Walton and Son, being insolvent, confessed a judgment, and procured and suffered their property to be taken on legal process, with Intent to give a preference to A. & L. and H. F. This being the case, the section declares, that if the person receiving such preference “had reasonable cause to believe that a fraud on the act was intended or that the debtor was insolvent,” that the assignee may recover back the money or property paid or transferred contrary to the act, and that “such creditor”—that is, the creditor receiving such preference, with reasonable cause to believe, etc.—“shall not be allowed to prove his debt in bankruptcy.” These creditors, by their agent, had not only reason to believe, but knew, that at the time of giving this preference, Walton and Son were insolvent, and that in so doing they intended a fraud upon the act—that is, intended to evade its provisions by preventing their property from being distributed among their general creditors under it. To these acts or conduct, section 39 attaches certain consequences: First—The preferred creditors may be compelled by the assignee to restore the money or property received under the preference. Second—Such creditors are prohibited from proving their debts in bankruptcy. The first of these provisions is remedial, and furnishes the means whereby the wrong committed in giving and receiving a preference may be corrected. But the second is preventive, and intended to deter creditors from receiving preferences for fear of losing or forfeiting their debts thereby. Of the two it is the more important and more likely to prevent violations or evasions of the act in this respect. The liability to these consequences or penalties arises upon the same facts—the creditors taking a preference contrary to the act—but the right to enforce the one does not depend upon the enforcement of the other. They are distinct and cumulative. The assignee may recover back the money or property without objecting to the proof of debt, or the proof of debt may be excluded where there has been no such recovery.

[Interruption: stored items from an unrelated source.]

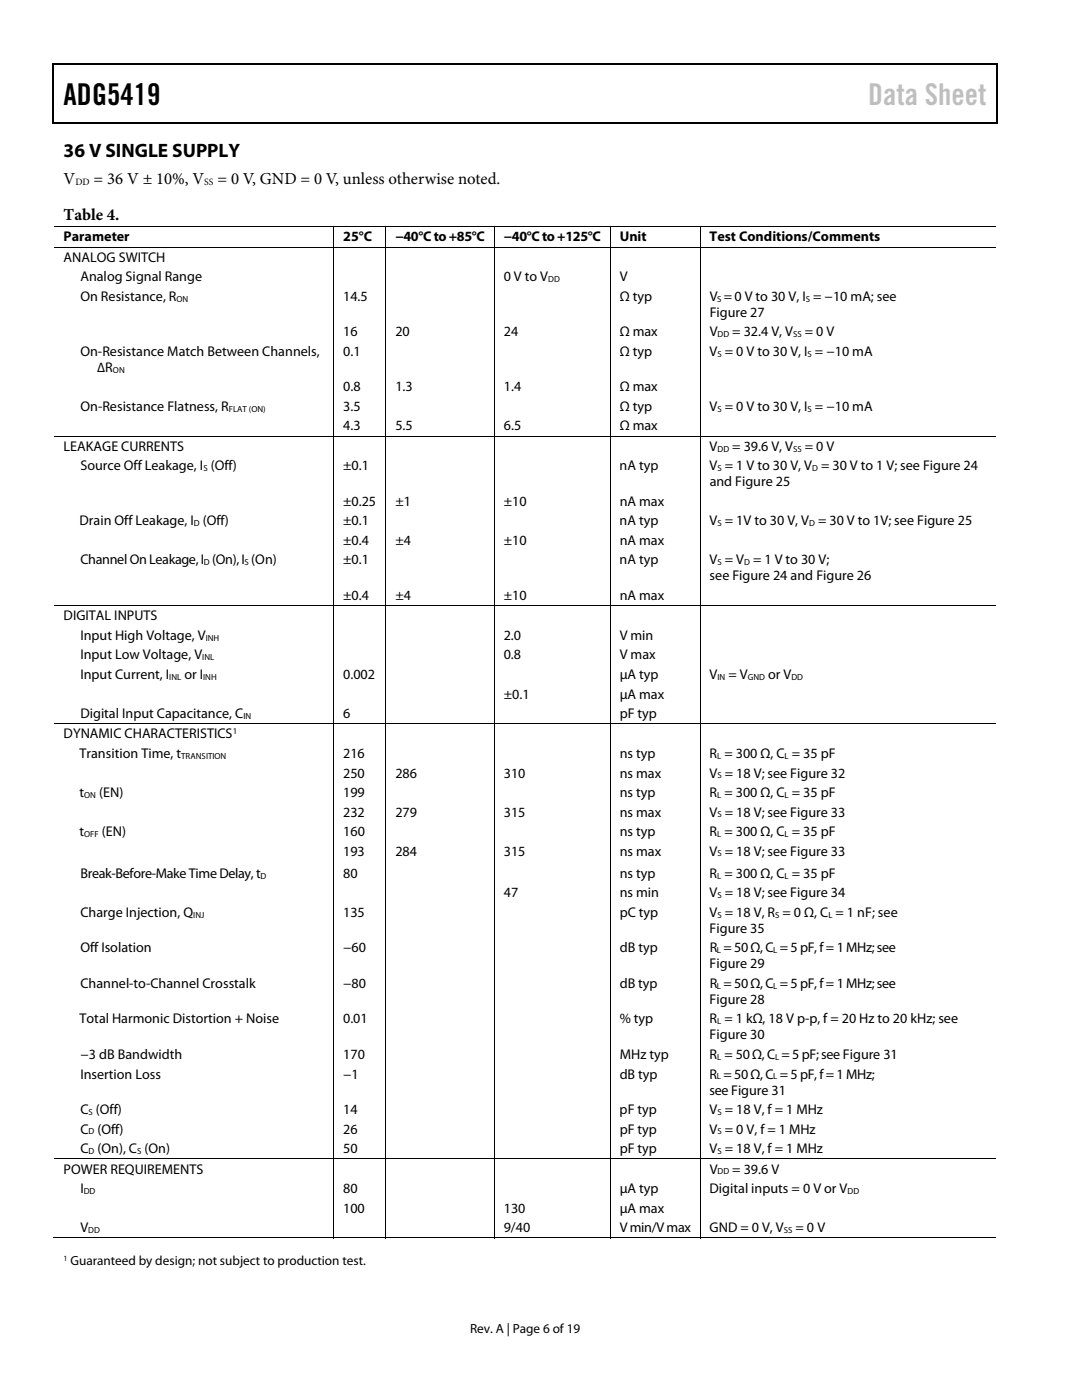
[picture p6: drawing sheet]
<svg xmlns="http://www.w3.org/2000/svg" width="216mm" height="279mm" viewBox="0 0 216 279" stroke-linecap="round" stroke-linejoin="round" font-family="sans-serif">
<defs><g id="words">
<text font-size="6" x="12.7" y="21">ADG5419</text>
<text font-size="6" fill="#c0c0c0" x="173.2" y="21">Data Sheet</text>
<text font-size="3.9" x="12.7" y="31.3">36 V SINGLE SUPPLY</text>
<g font-size="3.3">
<text x="12.7" y="36.8">V</text>
<text x="18.7" y="36.8">= 36 V ± 10%, V</text>
<text x="43.4" y="36.8">= 0 V, GND = 0 V, unless otherwise noted.</text>
<text x="12.7" y="43.9">Table 4.</text>
</g>
<g font-size="2.8">
<text x="12.7" y="48.2">Parameter</text>
<text x="12.7" y="52.2">ANALOG SWITCH</text>
<text x="68.5" y="48.2">25°C</text>
<text x="78.9" y="48.2">−40°C to +85°C</text>
<text x="100.5" y="48.2">−40°C to +125°C</text>
<text x="123.7" y="48.2">Unit</text>
<text x="141.6" y="48.2">Test Conditions/Comments</text>
<text x="16" y="56.1">Analog Signal Range</text>
<text x="100.5" y="56.1">0 V to V</text>
<text x="123.7" y="56.1">V</text>
<text x="16" y="60">On Resistance, R</text>
<text x="68.5" y="60">14.5</text>
<text x="123.7" y="60">Ω typ</text>
<text x="141.6" y="60">V = 0 V to 30 V, I = −10 mA; see</text>
<text x="141.6" y="63.2">Figure 27</text>
<text x="16" y="71">On-Resistance Match Between Channels,</text>
<text x="68.5" y="67.1">16</text>
<text x="68.5" y="71">0.1</text>
<text x="78.9" y="67.1">20</text>
<text x="100.5" y="67.1">24</text>
<text x="123.7" y="71">Ω typ</text>
<text x="123.7" y="67.1">Ω max</text>
<text x="141.6" y="71">V = 0 V to 30 V, I = −10 mA</text>
<text x="141.6" y="67.1">V</text>
<text x="146.1" y="67.1">= 32.4 V, V</text>
<text x="160.6" y="67.1">= 0 V</text>
<text x="19.4" y="74.2">∆R</text>
<text x="16" y="82">On-Resistance Flatness, R</text>
<text x="68.5" y="82">3.5</text>
<text x="68.5" y="78.1">0.8</text>
<text x="78.9" y="78.1">1.3</text>
<text x="100.5" y="78.1">1.4</text>
<text x="123.7" y="82">Ω typ</text>
<text x="123.7" y="78.1">Ω max</text>
<text x="141.6" y="82">V = 0 V to 30 V, I = −10 mA</text>
<text x="12.7" y="90">LEAKAGE CURRENTS</text>
<text x="68.5" y="85.9">4.3</text>
<text x="78.9" y="85.9">5.5</text>
<text x="100.5" y="85.9">6.5</text>
<text x="123.7" y="85.9">Ω max</text>
<text x="141.6" y="90">V</text>
<text x="146.1" y="90">= 39.6 V, V</text>
<text x="160.6" y="90">= 0 V</text>
<text x="16" y="93.9">Source Off Leakage, I (Off)</text>
<text x="68.5" y="93.9">±0.1</text>
<text x="123.6" y="93.9">nA typ</text>
<text x="141.6" y="93.9">V = 1 V to 30 V, V = 30 V to 1 V; see Figure 24</text>
<text x="68.5" y="100.9">±0.25</text>
<text x="78.9" y="100.9">±1</text>
<text x="100.5" y="100.9">±10</text>
<text x="123.7" y="100.9">nA max</text>
<text x="141.6" y="97">and Figure 25</text>
<text x="15.9" y="104.9">Drain Off Leakage, I (Off)</text>
<text x="68.5" y="104.9">±0.1</text>
<text x="123.6" y="104.9">nA typ</text>
<text x="141.6" y="104.9">V = 1V to 30 V, V = 30 V to 1V; see Figure 25</text>
<text x="16" y="112.6">Channel On Leakage, I (On), I (On)</text>
<text x="68.5" y="112.6">±0.1</text>
<text x="68.5" y="108.8">±0.4</text>
<text x="78.9" y="108.8">±4</text>
<text x="100.5" y="108.8">±10</text>
<text x="123.6" y="112.6">nA typ</text>
<text x="123.7" y="108.8">nA max</text>
<text x="141.6" y="112.6">V = V = 1 V to 30 V;</text>
<text x="68.5" y="119.7">±0.4</text>
<text x="78.9" y="119.7">±4</text>
<text x="100.5" y="119.7">±10</text>
<text x="123.7" y="119.7">nA max</text>
<text x="141.6" y="115.8">see Figure 24 and Figure 26</text>
<text x="12.7" y="123.8">DIGITAL INPUTS</text>
<text x="16" y="127.7">Input High Voltage, V</text>
<text x="16" y="131.6">Input Low Voltage, V</text>
<text x="100.5" y="127.7">2.0</text>
<text x="100.5" y="131.6">0.8</text>
<text x="123.7" y="127.7">V min</text>
<text x="123.7" y="131.6">V max</text>
<text x="16" y="135.5">Input Current, I</text>
<text x="36.8" y="135.5">or I</text>
<text x="68.5" y="135.5">0.002</text>
<text x="123.7" y="135.5">μA typ</text>
<text x="141.6" y="135.5">V</text>
<text x="145.4" y="135.5">= V</text>
<text x="153.3" y="135.5">or V</text>
<text x="16" y="143.3">Digital Input Capacitance, C</text>
<text x="68.5" y="143.3">6</text>
<text x="100.5" y="139.4">±0.1</text>
<text x="123.7" y="139.4">μA max</text>
<text x="123.7" y="143.3">pF typ</text>
<text x="12.7" y="147.4">DYNAMIC CHARACTERISTICS</text>
<text x="15.9" y="151.3">Transition Time, t</text>
<text x="68.5" y="155.2">250</text>
<text x="68.5" y="151.3">216</text>
<text x="78.9" y="155.2">286</text>
<text x="100.5" y="155.2">310</text>
<text x="123.7" y="151.3">ns typ</text>
<text x="123.7" y="155.2">ns max</text>
<text x="141.6" y="151.3">R = 300 Ω, C = 35 pF</text>
<text x="141.6" y="155.2">V = 18 V; see Figure 32</text>
<text x="15.9" y="159.1">t</text>
<text x="19.8" y="159.1">(EN)</text>
<text x="68.5" y="159.1">199</text>
<text x="123.7" y="159.1">ns typ</text>
<text x="141.6" y="159.1">R = 300 Ω, C = 35 pF</text>
<text x="15.9" y="166.9">t</text>
<text x="20.3" y="166.9">(EN)</text>
<text x="68.5" y="163">232</text>
<text x="68.5" y="166.9">160</text>
<text x="78.9" y="163">279</text>
<text x="100.5" y="163">315</text>
<text x="123.7" y="166.9">ns typ</text>
<text x="123.7" y="163">ns max</text>
<text x="141.6" y="166.9">R = 300 Ω, C = 35 pF</text>
<text x="141.6" y="163">V = 18 V; see Figure 33</text>
<text x="68.5" y="170.8">193</text>
<text x="78.9" y="170.8">284</text>
<text x="100.5" y="170.8">315</text>
<text x="123.7" y="170.8">ns max</text>
<text x="141.6" y="170.8">V = 18 V; see Figure 33</text>
<text x="16" y="175.2">Break-Before-Make Time Delay, t</text>
<text x="68.5" y="175.2">80</text>
<text x="100.5" y="179.1">47</text>
<text x="123.6" y="179.1">ns min</text>
<text x="123.7" y="175.2">ns typ</text>
<text x="141.6" y="175.2">R = 300 Ω, C = 35 pF</text>
<text x="141.6" y="179.1">V = 18 V; see Figure 34</text>
<text x="16" y="183">Charge Injection, Q</text>
<text x="68.5" y="183">135</text>
<text x="123.7" y="183">pC typ</text>
<text x="141.6" y="183">V = 18 V, R = 0 Ω, C = 1 nF; see</text>
<text x="16" y="190.1">Off Isolation</text>
<text x="68.5" y="190.1">−60</text>
<text x="123.7" y="190.1">dB typ</text>
<text x="141.6" y="186.2">Figure 35</text>
<text x="141.6" y="190.1">R = 50 Ω, C = 5 pF, f = 1 MHz; see</text>
<text x="16" y="197.2">Channel-to-Channel Crosstalk</text>
<text x="68.5" y="197.2">−80</text>
<text x="123.7" y="197.2">dB typ</text>
<text x="141.6" y="193.3">Figure 29</text>
<text x="141.6" y="197.2">R = 50 Ω, C = 5 pF, f = 1 MHz; see</text>
<text x="141.6" y="200.4">Figure 28</text>
<text x="15.9" y="204.3">Total Harmonic Distortion + Noise</text>
<text x="68.5" y="204.3">0.01</text>
<text x="123.7" y="204.3">% typ</text>
<text x="141.6" y="204.3">R = 1 kΩ, 18 V p-p, f = 20 Hz to 20 kHz; see</text>
<text x="141.6" y="207.5">Figure 30</text>
<text x="16" y="211.3">−3 dB Bandwidth</text>
<text x="16" y="215.2">Insertion Loss</text>
<text x="68.5" y="215.2">−1</text>
<text x="68.5" y="211.3">170</text>
<text x="123.6" y="215.2">dB typ</text>
<text x="123.7" y="211.3">MHz typ</text>
<text x="141.6" y="215.2">R = 50 Ω, C = 5 pF, f = 1 MHz;</text>
<text x="141.6" y="211.3">R = 50 Ω, C = 5 pF; see Figure 31</text>
<text x="141.6" y="218.4">see Figure 31</text>
<text x="16" y="222.3">C (Off)</text>
<text x="16" y="226.2">C (Off)</text>
<text x="68.5" y="222.3">14</text>
<text x="68.5" y="226.2">26</text>
<text x="123.6" y="222.3">pF typ</text>
<text x="123.6" y="226.2">pF typ</text>
<text x="141.6" y="222.3">V = 18 V, f = 1 MHz</text>
<text x="141.6" y="226.2">V = 0 V, f = 1 MHz</text>
<text x="16" y="230.1">C (On), C (On)</text>
<text x="68.5" y="230.1">50</text>
<text x="123.7" y="230.1">pF typ</text>
<text x="141.6" y="230.1">V = 18 V, f = 1 MHz</text>
<text x="12.7" y="234.2">POWER REQUIREMENTS</text>
<text x="16" y="238.1">I</text>
<text x="68.5" y="238.1">80</text>
<text x="123.7" y="238.1">μA typ</text>
<text x="141.6" y="238.1">Digital inputs = 0 V or V</text>
<text x="141.6" y="234.2">V</text>
<text x="146.1" y="234.2">= 39.6 V</text>
<text x="16" y="245.9">V</text>
<text x="68.5" y="242">100</text>
<text x="100.5" y="245.9">9/40</text>
<text x="100.5" y="242">130</text>
<text x="123.7" y="245.9">V min/V max</text>
<text x="123.7" y="242">μA max</text>
<text x="141.6" y="245.9">GND = 0 V, V</text>
<text x="158.7" y="245.9">= 0 V</text>
</g>
<g font-size="2.6">
<text x="14.1" y="252.5">Guaranteed by design; not subject to production test.</text>
<text x="93.8" y="266">Rev. A | Page 6 of 19</text>
</g>
<g font-size="1.9">
<text x="15" y="36.9">DD</text>
<text x="40.8" y="36.9">SS</text>
</g>
<g font-size="1.8">
<text x="109.4" y="56.3">DD</text>
<text x="35.2" y="60.2">ON</text>
<text x="143.1" y="60.2">S</text>
<text x="160.8" y="60.2">S</text>
<text x="143.2" y="67.3">DD</text>
<text x="143.2" y="71.2">S</text>
<text x="158.2" y="67.3">SS</text>
<text x="161.1" y="71.2">S</text>
<text x="22.5" y="74.4">ON</text>
<text x="45.7" y="82.2">FLAT (ON)</text>
<text x="143.2" y="82.2">S</text>
<text x="161.1" y="82.2">S</text>
<text x="40.6" y="94">S</text>
<text x="143.2" y="90.1">DD</text>
<text x="143.2" y="94">S</text>
<text x="158.2" y="90.1">SS</text>
<text x="162.1" y="94">D</text>
<text x="38.7" y="105">D</text>
<text x="143.2" y="105">S</text>
<text x="161.4" y="105">D</text>
<text x="40.7" y="112.8">D</text>
<text x="48.8" y="112.8">S</text>
<text x="143.2" y="112.8">S</text>
<text x="148.5" y="112.8">D</text>
<text x="40.4" y="131.8">INL</text>
<text x="41" y="127.9">INH</text>
<text x="33.8" y="135.7">INL</text>
<text x="40.5" y="135.7">INH</text>
<text x="143.2" y="135.7">IN</text>
<text x="149.2" y="135.7">GND</text>
<text x="157.9" y="135.7">DD</text>
<text x="48.6" y="143.5">IN</text>
<text x="46.4" y="146.5">1</text>
<text x="36.2" y="151.4">TRANSITION</text>
<text x="143.1" y="151.4">L</text>
<text x="143.2" y="155.3">S</text>
<text x="156.6" y="151.4">L</text>
<text x="16.8" y="159.2">ON</text>
<text x="143.1" y="159.2">L</text>
<text x="156.6" y="159.2">L</text>
<text x="16.8" y="167">OFF</text>
<text x="143.1" y="167">L</text>
<text x="143.2" y="163.1">S</text>
<text x="156.6" y="167">L</text>
<text x="143.2" y="170.9">S</text>
<text x="52" y="175.4">D</text>
<text x="143.1" y="175.4">L</text>
<text x="143.2" y="179.3">S</text>
<text x="156.6" y="175.4">L</text>
<text x="38.6" y="183.2">INJ</text>
<text x="143.2" y="183.2">S</text>
<text x="154.7" y="183.2">S</text>
<text x="165.3" y="183.2">L</text>
<text x="143.1" y="190.2">L</text>
<text x="154.3" y="190.2">L</text>
<text x="143.1" y="197.3">L</text>
<text x="154.3" y="197.3">L</text>
<text x="143.1" y="204.4">L</text>
<text x="143.1" y="215.4">L</text>
<text x="143.1" y="211.5">L</text>
<text x="154.3" y="215.4">L</text>
<text x="154.6" y="211.5">L</text>
<text x="17.7" y="222.5">S</text>
<text x="17.7" y="226.4">D</text>
<text x="143.2" y="222.5">S</text>
<text x="143.2" y="226.4">S</text>
<text x="17.7" y="230.3">D</text>
<text x="27.4" y="230.3">S</text>
<text x="143.2" y="230.3">S</text>
<text x="16.7" y="238.3">DD</text>
<text x="143.2" y="234.4">DD</text>
<text x="169.1" y="238.3">DD</text>
<text x="17.6" y="246.1">DD</text>
<text x="156.4" y="246.1">SS</text>
</g>
<text font-size="1.6" x="12.7" y="251.6">1</text>
</g></defs>
<path d="M10.5 12.7h.3v1h-.3zM198.8 12.7h.2v1h-.2zM198.8 12.7h.2v.3h-.2zM198.8 24.4h.2v.3h-.2z" fill="#000"/>
<path d="M10.5 12.8h188.3M10.7 13.7v11M198.9 13.7v11M10.5 24.5h188.3" fill="none" stroke="#000" stroke-width=".25"/>
<g fill="none" stroke="#000" stroke-width=".2">
<path d="M10.8 49.3h188M66.6 45.3v3.9M66.6 49.4v37.6M77 45.3v3.9M77 49.4v37.6M98.6 45.3v3.9M98.6 49.4v37.6M121.8 45.3v3.9M121.8 49.4v37.6M139.7 45.3v3.9M139.7 49.4v37.6M198.8 45.2h-188"/>
<path d="M66.6 87.1v33.7M77 87.1v33.7M98.6 87.1v33.7M121.8 87.1v33.7M139.7 87.1v33.7M198.8 87h-188M10.8 120.9h188M66.6 121v23.4M77 121v23.4M98.6 121v23.4M121.8 121v23.4M139.7 121v23.4"/>
<path d="M10.8 144.4h188M66.6 144.5v86.7M77 144.5v86.7M98.6 144.5v86.7M121.8 144.5v86.7M139.7 144.5v86.7M10.8 231.3h188M66.6 231.4v15.7M77 231.4v15.7M98.6 231.4v15.7M121.8 231.4v15.7M139.7 231.4v15.7"/>
<path d="M10.5 247.1h56M66.7 247.1h10.2M77.1 247.1h21.4M98.7 247.1h23M121.8 247.1h17.8M139.8 247.1h59"/>
</g>
<use href="#words"/>
</svg>

What use these creditors may have ultimately intended to make of their preference is immaterial. Let it be admitted that they intended so far as they know, to share the proceeds of their executions with their fellow creditors, pro rata. The law does not trust the legal rights of one portion of the creditors to the judgment or good intentions of the others. While, as a matter of fact, it may have been safe to do so in this case, in a majority of others it might or would not. Besides a mere Intention or even proposition on their part to admit the rest of the creditors to a share of the property was not a contract with such creditors which the latter could enforce. Such Intention or proposition could have been changed or withdrawn by A. and L. and H. F., at any time before it was realized or accepted, with impunity. In legal effect, the transaction as claimed by these creditors, was nothing more or less than obtaining a preference contrary to the act, with intention to make such arrangement with the general creditors as the parties taking the preference might think proper under the circumstances. This would be to make themselves judges in their own case. An order will be made rejecting these claims, and directing the register to refuse to allow them to be proved, and that A. and L. and H. F. be adjudged to pay the costs and expenses of this proceeding.

[This cause was subsequently affirmed by the circuit court. Case unreported.]

1 [Reported by Hon. Matthew P. Deady, District Judge, and here reprinted by permission.]